Pourquoi avez-vous démarré votre carrière avec les vêtements de grossesse?

«Je suivais à l'époque des cours du soir en patronage. Ma professeure m'avait demandé de dessiner une création pour une femme enceinte, et je me suis donc plongée dans les vêtements de grossesse. Très vite, j'ai trouvé la niche dans ce marché, car il n'existait quasi pas de vêtements élégants pour les femmes enceintes. J'ai loué une petite boutique et j'ai installé mon atelier dans la cave. J'y traduisais les tendances de la mode en robes de grossesse confortables, drapées.»

Votre mari, Jan Bevernage, conçoit l'intérieur des boutiques et votre fille Felix travaille aussi dans les coulisses.

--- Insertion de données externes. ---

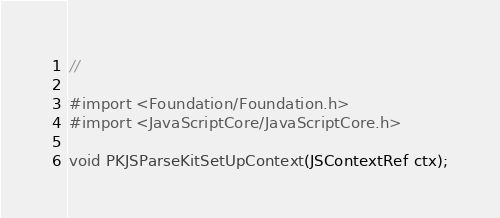<code> <loc_0><loc_0><loc_500><loc_500><_C_>//

#import <Foundation/Foundation.h>
#import <JavaScriptCore/JavaScriptCore.h>

void PKJSParseKitSetUpContext(JSContextRef ctx);</code>

Est-ce une bonne ou une mauvaise chose de collaborer avec sa famille?

«Mon mari et moi, nous sommes depuis de nombreuses années sur la même longueur d'ondes. C'est mon personal coach quand je pense que je ne vais pas y arriver. (rires) Avec Felix, il a fallu prendre ses marques, mais après trois ans c'est de plus en plus chouette. C'est très agréable de voir comme elle s'est épanouie. Elle tient compte de tous les aspects d'une entreprise du secteur de la mode, tant pratiques que créatifs, et peu sont capables de le faire. Je suis contente que la relève soit assurée, mais je ne songe pas encore à arrêter.» (rires)

Début juin, vous avez sorti votre première collection pour hommes. Pourquoi maintenant?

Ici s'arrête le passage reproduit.